23. A plasma display apparatus, comprising: front and rear substrates disposed opposite each other to form a discharge space; parallel X and Y electrode lines disposed on said front substrate between said front and rear substrates, said X electrode lines being combined into X groups, and said Y electrode lines being combined into Y groups such that adjacent pairs of said X and Y electrode lines belong to different pairs of the X and Y groups; address electrode lines formed on said rear substrate in a direction not parallel to a direction of said X and Y electrode lines to define discharge cells at intersections of said X and Y electrode lines and said address electrode lines within the discharge space; X drivers to drive the corresponding X groups; Y drivers to drive the corresponding Y groups; an address driver to drive said address electrode lines; and a gas sealed in the discharge space so as to form a plasma, wherein said X and Y drivers drive said X and Y groups to erase wall charges previously formed in the discharge cells, a first one of said Y drivers drives a first one of the Y groups to apply a Y scan pulse of a first polarity to said Y electrode lines of the first Y group while a first one of said X drivers drives a first one of the X groups to apply an X scan pulse of a second polarity opposite to the first polarity to said X electrode lines of the first X group so that wall charges of the second polarity are formed around said Y electrode lines of a first pair of said X and Y electrode lines common to the first X and Y groups, said first Y driver drives the first Y group to apply a bias voltage of the first polarity to said Y electrode lines of the first Y group while said first X driver drives the first X group to apply a bias voltage of the second polarity to said X electrode lines of the first X group, said address driver drives said address electrode lines to apply a display data signal corresponding to the first pair of said X and Y electrode lines to selectively erase the wall charges that have been formed at ones of the discharge cells which are not to be displayed, and said X and Y drivers drive the X and Y groups to apply sustain pulses of the second polarity to said X and Y electrode lines.

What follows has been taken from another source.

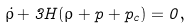Convert formula to latex. <formula><loc_0><loc_0><loc_500><loc_500>\dot { \rho } + 3 H ( \rho + p + p _ { c } ) = 0 ,</formula>

24. A method of driving a plasma display panel having front and rear substrates opposite each other, parallel X and Y electrode lines formed on the front substrate between the front and rear substrates, and address electrode lines formed on the rear substrate in a direction not parallel to a direction of the X and Y electrode lines to define discharge cells at intersections of the X and Y electrode lines and the address electrode lines, the X electrode lines being combined into X groups and the Y electrode lines being combined into Y groups such that adjacent pairs of the X and Y electrode lines belong to different pairs of the X and Y groups, the X electrode lines being commonly interconnected in units of the X groups, the Y electrode lines being commonly interconnected in units of Y groups, the method comprising: erasing wall charges previously formed in the discharge cells; applying scan pulses to the X and Y electrode lines of a first of the X and Y groups so that the wall charges are formed at a first pair of the X and Y electrode lines common to the first X and Y groups; applying bias voltages to the X and Y electrode lines of the first X and Y groups while applying a display data signal corresponding to the first pair of the X and Y electrode lines to the address electrode lines to erase the wall charges from ones of the discharge cells of the first pair of X and Y electrodes that are not to be displayed and to additionally form the wall charges in the discharge cells of the first pair of X and Y electrodes to be displayed; and applying sustain pulses to the X and Y electrode lines to perform the display of the discharge cells to be displayed.